### [WHAT IS NEEDED]
Lines containing the word "ltscale" are to be copied from the data below.

### [INFORMATION]

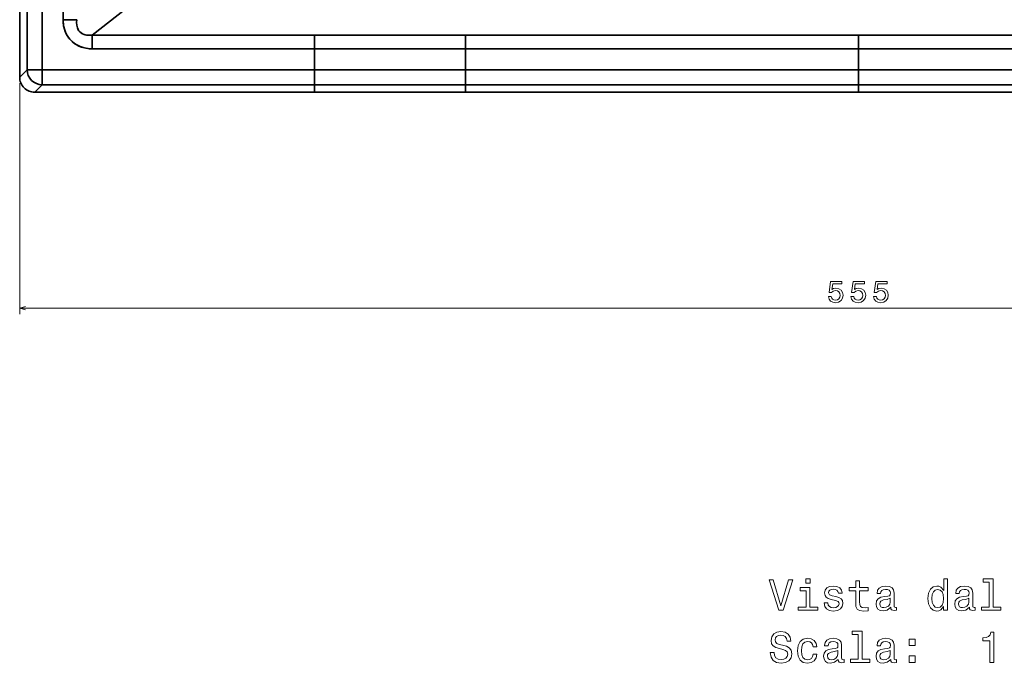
# Model space of a CAD drawing. Extents: x 317 to 1914, y 39 to 1273.
# Tile 1 of 5: x 317 to 643, y 39 to 252. Entities that reach past the tile are written whole.
import ezdxf

# ---------------------------------------------------------------- set-up
doc = ezdxf.new("R2010")
doc.units = 0

msp = doc.modelspace()

# ---------------------------------------------------------------- linework, layer by layer
at = {"color": 7, "lineweight": 35}
for p, q in [((316.94, 232.92), (316.94, 608.03)), ((316.94, 608.03), (316.94, 232.92)), ((319.4, 605.58), (319.4, 235.37)), ((319.4, 605.58), (319.4, 235.37)), ((324.4, 235.37), (324.4, 605.58)), ((324.4, 235.37), (324.4, 605.58)), ((331.31, 251.91), (331.31, 589.04)), ((331.31, 589.04), (331.31, 251.91)), ((382.07, 279.11), (340.93, 246.82)), ((340.93, 246.82), (382.07, 279.11)), ((414.5, 246.82), (340.93, 246.82)), ((340.93, 246.82), (414.5, 246.82)), ((464.5, 246.82), (414.5, 246.82)), ((414.5, 246.82), (464.5, 246.82)), ((594.5, 246.82), (464.5, 246.82)), ((464.5, 246.82), (594.5, 246.82)), ((724.5, 246.82), (594.5, 246.82)), ((594.5, 246.82), (724.5, 246.82)), ((414.5, 242.28), (340.93, 242.28)), ((340.93, 242.28), (414.5, 242.28)), ((464.5, 242.28), (414.5, 242.28)), ((414.5, 242.28), (464.5, 242.28)), ((464.5, 242.28), (594.5, 242.28)), ((594.5, 242.28), (464.5, 242.28)), ((724.5, 242.28), (594.5, 242.28)), ((594.5, 242.28), (724.5, 242.28)), ((414.5, 235.37), (324.4, 235.37)), ((414.5, 235.37), (324.4, 235.37)), ((464.5, 235.37), (414.5, 235.37)), ((414.5, 235.37), (464.5, 235.37)), ((594.5, 235.37), (464.5, 235.37)), ((594.5, 235.37), (464.5, 235.37)), ((724.5, 235.37), (594.5, 235.37)), ((594.5, 235.37), (724.5, 235.37)), ((324.4, 230.38), (414.5, 230.38)), ((324.4, 230.38), (414.5, 230.38)), ((464.5, 230.38), (414.5, 230.38)), ((414.5, 230.38), (464.5, 230.38)), ((464.5, 230.38), (594.5, 230.38)), ((464.5, 230.38), (594.5, 230.38)), ((724.5, 230.38), (594.5, 230.38)), ((594.5, 230.38), (724.5, 230.38)), ((414.5, 227.92), (321.94, 227.92)), ((321.94, 227.92), (414.5, 227.92)), ((464.5, 227.92), (414.5, 227.92)), ((414.5, 227.92), (464.5, 227.92)), ((464.5, 227.92), (594.5, 227.92)), ((594.5, 227.92), (464.5, 227.92)), ((594.5, 227.92), (724.5, 227.92)), ((724.5, 227.92), (594.5, 227.92))]:
    msp.add_line(p, q, dxfattribs=at)
at = {"color": 7, "lineweight": 35, "ltscale": 0.113412}
for p, q in [((331.31, 251.91), (335.84, 251.91)), ((340.93, 246.82), (340.93, 242.28)), ((340.93, 242.28), (340.93, 246.82)), ((414.5, 246.82), (414.5, 242.28)), ((414.5, 246.82), (414.5, 242.28)), ((464.5, 242.28), (464.5, 246.82)), ((464.5, 242.28), (464.5, 246.82)), ((594.5, 246.82), (594.5, 242.28)), ((594.5, 246.82), (594.5, 242.28))]:
    msp.add_line(p, q, dxfattribs=at)
at = {"color": 7, "lineweight": 35, "ltscale": 0.172751}
for p, q in [((414.5, 242.28), (414.5, 235.37)), ((414.5, 242.28), (414.5, 235.37)), ((464.5, 235.37), (464.5, 242.28)), ((464.5, 235.37), (464.5, 242.28)), ((594.5, 242.28), (594.5, 235.37)), ((594.5, 242.28), (594.5, 235.37))]:
    msp.add_line(p, q, dxfattribs=at)
at = {"color": 7, "lineweight": 35, "ltscale": 0.086727}
for p, q in [((319.4, 235.37), (316.94, 232.92)), ((319.4, 235.37), (316.94, 232.92)), ((321.94, 227.92), (324.4, 230.38)), ((321.94, 227.92), (324.4, 230.38))]:
    msp.add_line(p, q, dxfattribs=at)
at = {"color": 7, "lineweight": 35, "ltscale": 0.124973}
for p, q in [((324.4, 235.37), (319.4, 235.37)), ((319.4, 235.37), (324.4, 235.37)), ((324.4, 235.37), (324.4, 230.38)), ((324.4, 230.38), (324.4, 235.37)), ((414.5, 235.37), (414.5, 230.38)), ((414.5, 230.38), (414.5, 235.37)), ((464.5, 230.38), (464.5, 235.37)), ((464.5, 235.37), (464.5, 230.38)), ((594.5, 235.37), (594.5, 230.38)), ((594.5, 230.38), (594.5, 235.37))]:
    msp.add_line(p, q, dxfattribs=at)
at = {"color": 7, "lineweight": 13}
for p, q in [((316.94, 230.92), (316.94, 154.52)), ((316.94, 156.52), (872.06, 156.52))]:
    msp.add_line(p, q, dxfattribs=at)
at = {"color": 7, "lineweight": 35, "ltscale": 0.061325}
for p, q in [((414.5, 230.38), (414.5, 227.92)), ((414.5, 230.38), (414.5, 227.92)), ((464.5, 227.92), (464.5, 230.38)), ((464.5, 227.92), (464.5, 230.38)), ((594.5, 230.38), (594.5, 227.92)), ((594.5, 230.38), (594.5, 227.92))]:
    msp.add_line(p, q, dxfattribs=at)
at = {"color": 7, "lineweight": 35}
for points in [[(340.93, 242.28), (339.91, 242.33), (338.9, 242.46), (337.9, 242.69), (336.94, 243.02), (336.02, 243.45), (335.16, 243.97), (334.28, 244.67), (333.5, 245.48), (332.83, 246.38), (332.35, 247.23), (331.96, 248.13), (331.66, 249.06), (331.46, 250), (331.34, 250.95), (331.31, 251.91)], [(331.31, 251.91), (331.33, 251.2), (331.39, 250.48), (331.49, 249.85), (331.62, 249.22), (331.88, 248.35), (332.22, 247.51), (332.63, 246.71), (333.23, 245.81), (333.94, 245), (334.74, 244.29), (335.62, 243.67), (336.5, 243.21), (337.43, 242.84), (338.39, 242.57), (339.65, 242.35), (340.93, 242.28)], [(335.84, 251.91), (335.78, 250.97), (335.84, 250.05), (335.92, 249.61), (336.04, 249.19), (336.26, 248.68), (336.55, 248.22), (336.9, 247.81), (337.32, 247.47), (337.78, 247.2), (338.3, 246.99), (338.71, 246.88), (339.14, 246.8), (340.04, 246.75), (340.93, 246.82)], [(340.93, 246.82), (339.99, 246.75), (339.08, 246.81), (338.65, 246.9), (338.23, 247.02), (337.72, 247.23), (337.26, 247.52), (336.85, 247.87), (336.51, 248.28), (336.23, 248.75), (336.02, 249.26), (335.91, 249.67), (335.83, 250.1), (335.78, 251), (335.84, 251.91)]]:
    msp.add_lwpolyline(points, dxfattribs=at)
at = {"color": 7, "lineweight": 13}
for points in [[(584.53, 160.34), (584.75, 159.52), (585.24, 158.87), (585.97, 158.47), (586.9, 158.32), (587.92, 158.5), (588.71, 158.99), (589.22, 159.78), (589.41, 160.79), (589.24, 161.73), (588.75, 162.46), (588, 162.94), (587.02, 163.11), (586.26, 162.99), (585.68, 162.65), (585.96, 164.54), (589.03, 164.54), (589.03, 165.37), (585.28, 165.37), (584.73, 161.66), (585.54, 161.66), (586.12, 162.13), (586.87, 162.3), (587.51, 162.19), (588.01, 161.87), (588.32, 161.37), (588.43, 160.74), (588.32, 160.1), (588, 159.61), (587.5, 159.3), (586.87, 159.18), (586.33, 159.25), (585.92, 159.49), (585.62, 159.85), (585.46, 160.34)], [(592, 160.34), (592.22, 159.52), (592.71, 158.87), (593.44, 158.47), (594.37, 158.32), (595.39, 158.5), (596.18, 158.99), (596.69, 159.78), (596.88, 160.79), (596.71, 161.73), (596.22, 162.46), (595.47, 162.94), (594.49, 163.11), (593.73, 162.99), (593.15, 162.65), (593.43, 164.54), (596.5, 164.54), (596.5, 165.37), (592.76, 165.37), (592.2, 161.66), (593.01, 161.66), (593.59, 162.13), (594.34, 162.3), (594.98, 162.19), (595.48, 161.87), (595.79, 161.37), (595.9, 160.74), (595.79, 160.1), (595.47, 159.61), (594.97, 159.3), (594.34, 159.18), (593.8, 159.25), (593.39, 159.49), (593.09, 159.85), (592.94, 160.34)], [(599.47, 160.34), (599.69, 159.52), (600.19, 158.87), (600.91, 158.47), (601.84, 158.32), (602.86, 158.5), (603.66, 158.99), (604.16, 159.78), (604.35, 160.79), (604.18, 161.73), (603.7, 162.46), (602.94, 162.94), (601.96, 163.11), (601.21, 162.99), (600.62, 162.65), (600.9, 164.54), (603.97, 164.54), (603.97, 165.37), (600.23, 165.37), (599.67, 161.66), (600.48, 161.66), (601.06, 162.13), (601.81, 162.3), (602.46, 162.19), (602.95, 161.87), (603.26, 161.37), (603.37, 160.74), (603.26, 160.1), (602.94, 159.61), (602.45, 159.3), (601.81, 159.18), (601.28, 159.25), (600.86, 159.49), (600.56, 159.85), (600.41, 160.34)], [(571.34, 66.62), (568.84, 58.1), (566.26, 66.62), (564.89, 66.62), (568.12, 56.6), (569.56, 56.6), (572.71, 66.62)], [(578.45, 66.95), (577.11, 66.95), (577.11, 65.51), (578.45, 65.51)], [(593.58, 63), (593.58, 59.12), (593.66, 57.87), (594.07, 57.01), (594.87, 56.5), (596.24, 56.33), (597.74, 56.4), (597.74, 57.5), (596.65, 57.41), (595.65, 57.52), (595.12, 57.88), (594.89, 58.49), (594.85, 59.34), (594.85, 63), (597.74, 63), (597.74, 64.08), (594.85, 64.08), (594.85, 66.34), (593.58, 66.34), (593.58, 64.08), (591.39, 64.08), (591.39, 63)], [(622.66, 57.8), (622.66, 56.6), (623.92, 56.6), (623.92, 66.95), (622.67, 66.95), (622.67, 63.16), (621.7, 64.25), (621.11, 64.51), (620.44, 64.61), (619.21, 64.33), (618.26, 63.52), (617.64, 62.22), (617.43, 60.48), (617.64, 58.73), (618.26, 57.42), (619.21, 56.6), (620.44, 56.33), (621.11, 56.43), (621.72, 56.69)], [(637.77, 65.88), (637.77, 57.67), (635.16, 57.67), (635.16, 56.6), (641.63, 56.6), (641.63, 57.67), (639.04, 57.67), (639.04, 66.95), (635.78, 66.95), (635.78, 65.88)], [(578.4, 57.67), (578.4, 64.08), (575.15, 64.08), (575.15, 63), (577.14, 63), (577.14, 57.67), (574.54, 57.67), (574.54, 56.6), (581.03, 56.6), (581.03, 57.67)], [(586.99, 61.11), (585.77, 61.4), (584.86, 61.73), (584.56, 62.41), (584.64, 62.88), (584.95, 63.23), (585.44, 63.45), (586.14, 63.53), (586.82, 63.45), (587.35, 63.19), (587.7, 62.8), (587.84, 62.28), (589.08, 62.28), (589.08, 62.31), (588.87, 63.24), (588.28, 63.98), (587.35, 64.44), (586.14, 64.61), (584.92, 64.44), (584.02, 63.97), (583.46, 63.26), (583.29, 62.37), (583.42, 61.5), (583.82, 60.9), (584.49, 60.46), (585.45, 60.16), (586.86, 59.82), (587.73, 59.46), (587.96, 59.17), (588.04, 58.73), (587.91, 58.2), (587.57, 57.8), (587.01, 57.54), (586.26, 57.45), (585.47, 57.54), (584.89, 57.84), (584.5, 58.33), (584.34, 59.01), (583.12, 59.01), (583.32, 57.86), (583.91, 57.02), (584.85, 56.52), (586.14, 56.33), (587.5, 56.52), (588.49, 57.02), (589.1, 57.83), (589.31, 58.88), (589.15, 59.79), (588.71, 60.41), (587.97, 60.81)], [(605.15, 57.61), (605.15, 57.57), (605.22, 57.08), (605.44, 56.73), (606.34, 56.46), (607.05, 56.57), (607.05, 57.55), (606.75, 57.51), (606.34, 57.7), (606.27, 58.27), (606.27, 62.28), (606.1, 63.3), (605.6, 64.02), (604.72, 64.46), (603.48, 64.61), (602.27, 64.44), (601.37, 63.95), (600.81, 63.19), (600.62, 62.18), (600.62, 62.09), (601.76, 62.09), (601.86, 62.7), (602.18, 63.13), (602.7, 63.39), (603.43, 63.49), (604.14, 63.42), (604.64, 63.2), (604.95, 62.83), (605.05, 62.31), (604.99, 61.7), (604.76, 61.4), (604.18, 61.26), (603.1, 61.14), (601.86, 60.88), (600.98, 60.42), (600.47, 59.7), (600.31, 58.63), (600.45, 57.68), (600.9, 56.98), (601.62, 56.53), (602.61, 56.37), (603.95, 56.67)], [(620.65, 63.48), (621.49, 63.27), (622.12, 62.71), (622.5, 61.77), (622.64, 60.48), (622.5, 59.17), (622.12, 58.23), (621.49, 57.65), (620.65, 57.47), (619.86, 57.65), (619.26, 58.23), (618.85, 59.18), (618.72, 60.48), (618.85, 61.76), (619.26, 62.7), (619.86, 63.27)], [(631.17, 57.61), (631.17, 57.57), (631.24, 57.08), (631.46, 56.73), (632.37, 56.46), (633.07, 56.57), (633.07, 57.55), (632.77, 57.51), (632.37, 57.7), (632.3, 58.27), (632.3, 62.28), (632.12, 63.3), (631.62, 64.02), (630.74, 64.46), (629.5, 64.61), (628.29, 64.44), (627.4, 63.95), (626.83, 63.19), (626.65, 62.18), (626.65, 62.09), (627.79, 62.09), (627.89, 62.7), (628.2, 63.13), (628.72, 63.39), (629.46, 63.49), (630.16, 63.42), (630.67, 63.2), (630.97, 62.83), (631.07, 62.31), (631.01, 61.7), (630.78, 61.4), (630.21, 61.26), (629.13, 61.14), (627.89, 60.88), (627.01, 60.42), (626.49, 59.7), (626.33, 58.63), (626.47, 57.68), (626.92, 56.98), (627.64, 56.53), (628.64, 56.37), (629.98, 56.67)], [(605, 59.31), (604.83, 58.56), (604.37, 57.99), (603.68, 57.61), (602.83, 57.48), (602.28, 57.55), (601.89, 57.78), (601.65, 58.19), (601.57, 58.75), (601.63, 59.25), (601.86, 59.61), (602.79, 60.02), (603.95, 60.19), (605, 60.54)], [(631.03, 59.31), (630.85, 58.56), (630.39, 57.99), (629.7, 57.61), (628.85, 57.48), (628.3, 57.55), (627.91, 57.78), (627.67, 58.19), (627.6, 58.75), (627.66, 59.25), (627.89, 59.61), (628.81, 60.02), (629.98, 60.19), (631.03, 60.54)], [(566.56, 42.63), (565.25, 42.63), (565.54, 41.1), (566.26, 39.97), (567.37, 39.3), (568.87, 39.05), (570.35, 39.28), (571.46, 39.92), (572.17, 40.91), (572.43, 42.22), (572.21, 43.4), (571.6, 44.17), (570.62, 44.67), (569.31, 45.05), (568.19, 45.32), (567.45, 45.64), (567.04, 46.1), (566.91, 46.82), (567.04, 47.47), (567.41, 47.96), (567.99, 48.29), (568.78, 48.4), (569.59, 48.26), (570.22, 47.87), (570.64, 47.22), (570.84, 46.34), (572.15, 46.34), (572.15, 46.37), (571.92, 47.73), (571.24, 48.73), (570.18, 49.37), (568.74, 49.58), (567.44, 49.37), (566.43, 48.76), (565.78, 47.83), (565.55, 46.62), (565.74, 45.54), (566.29, 44.8), (567.15, 44.31), (568.33, 43.94), (569.5, 43.6), (570.38, 43.29), (570.91, 42.83), (571.1, 42.08), (570.93, 41.31), (570.48, 40.74), (569.8, 40.38), (568.92, 40.26), (567.94, 40.42), (567.19, 40.88), (566.72, 41.63)], [(594.4, 48.6), (594.4, 40.39), (591.79, 40.39), (591.79, 39.33), (598.26, 39.33), (598.26, 40.39), (595.67, 40.39), (595.67, 49.67), (592.41, 49.67), (592.41, 48.6)], [(637.97, 39.33), (639.28, 39.33), (639.28, 49.4), (638.3, 49.4), (638.04, 48.52), (637.53, 47.93), (636.73, 47.58), (635.64, 47.47), (635.64, 46.44), (637.97, 46.44)], [(579.46, 44.5), (580.71, 44.5), (580.45, 45.65), (579.83, 46.56), (578.87, 47.12), (577.61, 47.34), (576.23, 47.05), (575.18, 46.24), (574.51, 44.93), (574.28, 43.17), (574.5, 41.43), (575.15, 40.13), (576.17, 39.33), (577.57, 39.05), (578.81, 39.27), (579.77, 39.87), (580.44, 40.82), (580.72, 42.09), (579.51, 42.09), (579.3, 41.28), (578.89, 40.68), (578.32, 40.31), (577.61, 40.19), (576.73, 40.38), (576.1, 40.95), (575.71, 41.89), (575.58, 43.22), (575.71, 44.51), (576.11, 45.45), (576.76, 46.03), (577.61, 46.23), (578.36, 46.1), (578.92, 45.77), (579.3, 45.22)], [(587.8, 40.33), (587.8, 40.29), (587.87, 39.8), (588.09, 39.46), (589, 39.18), (589.7, 39.3), (589.7, 40.28), (589.4, 40.23), (589, 40.42), (588.92, 41), (588.92, 45), (588.75, 46.03), (588.25, 46.75), (587.37, 47.18), (586.13, 47.34), (584.92, 47.16), (584.02, 46.67), (583.46, 45.91), (583.28, 44.9), (583.28, 44.82), (584.41, 44.82), (584.51, 45.42), (584.83, 45.85), (585.35, 46.11), (586.09, 46.21), (586.79, 46.14), (587.3, 45.92), (587.6, 45.55), (587.7, 45.03), (587.64, 44.43), (587.41, 44.12), (586.83, 43.98), (585.75, 43.86), (584.51, 43.6), (583.64, 43.14), (583.12, 42.42), (582.96, 41.36), (583.1, 40.41), (583.55, 39.7), (584.27, 39.25), (585.26, 39.09), (586.6, 39.4)], [(605.15, 40.33), (605.15, 40.29), (605.22, 39.8), (605.44, 39.46), (606.34, 39.18), (607.05, 39.3), (607.05, 40.28), (606.75, 40.23), (606.34, 40.42), (606.27, 41), (606.27, 45), (606.1, 46.03), (605.6, 46.75), (604.72, 47.18), (603.48, 47.34), (602.27, 47.16), (601.37, 46.67), (600.81, 45.91), (600.62, 44.9), (600.62, 44.82), (601.76, 44.82), (601.86, 45.42), (602.18, 45.85), (602.7, 46.11), (603.43, 46.21), (604.14, 46.14), (604.64, 45.92), (604.95, 45.55), (605.05, 45.03), (604.99, 44.43), (604.76, 44.12), (604.18, 43.98), (603.1, 43.86), (601.86, 43.6), (600.98, 43.14), (600.47, 42.42), (600.31, 41.36), (600.45, 40.41), (600.9, 39.7), (601.62, 39.25), (602.61, 39.09), (603.95, 39.4)], [(611.21, 44.92), (613.2, 44.92), (613.2, 47.06), (611.21, 47.06)], [(587.66, 42.03), (587.48, 41.28), (587.02, 40.71), (586.33, 40.33), (585.48, 40.2), (584.93, 40.28), (584.54, 40.51), (584.3, 40.91), (584.23, 41.47), (584.28, 41.98), (584.51, 42.34), (585.44, 42.74), (586.6, 42.91), (587.66, 43.26)], [(605, 42.03), (604.83, 41.28), (604.37, 40.71), (603.68, 40.33), (602.83, 40.2), (602.28, 40.28), (601.89, 40.51), (601.65, 40.91), (601.57, 41.47), (601.63, 41.98), (601.86, 42.34), (602.79, 42.74), (603.95, 42.91), (605, 43.26)], [(611.21, 39.33), (613.2, 39.33), (613.2, 41.47), (611.21, 41.47)]]:
    msp.add_lwpolyline(points, close=True, dxfattribs=at)
msp.add_lwpolyline([(318.88, 157.04), (316.94, 156.52), (318.88, 156)], dxfattribs=at)
at = {"color": 7, "lineweight": 35}
for centre, start, end in [((324.4, 235.38), 180.0344, 269.9656), ((324.4, 235.38), 180.0344, 269.9656), ((321.94, 232.92), 179.9979, 270.0021), ((321.94, 232.92), 179.9947, 270.0053)]:
    msp.add_arc(centre, 5, start, end, dxfattribs=at)

doc.saveas('drawing.dxf')

### [TASK RESULT]
at = {"color": 7, "lineweight": 35, "ltscale": 0.113412}
at = {"color": 7, "lineweight": 35, "ltscale": 0.172751}
at = {"color": 7, "lineweight": 35, "ltscale": 0.086727}
at = {"color": 7, "lineweight": 35, "ltscale": 0.124973}
at = {"color": 7, "lineweight": 35, "ltscale": 0.061325}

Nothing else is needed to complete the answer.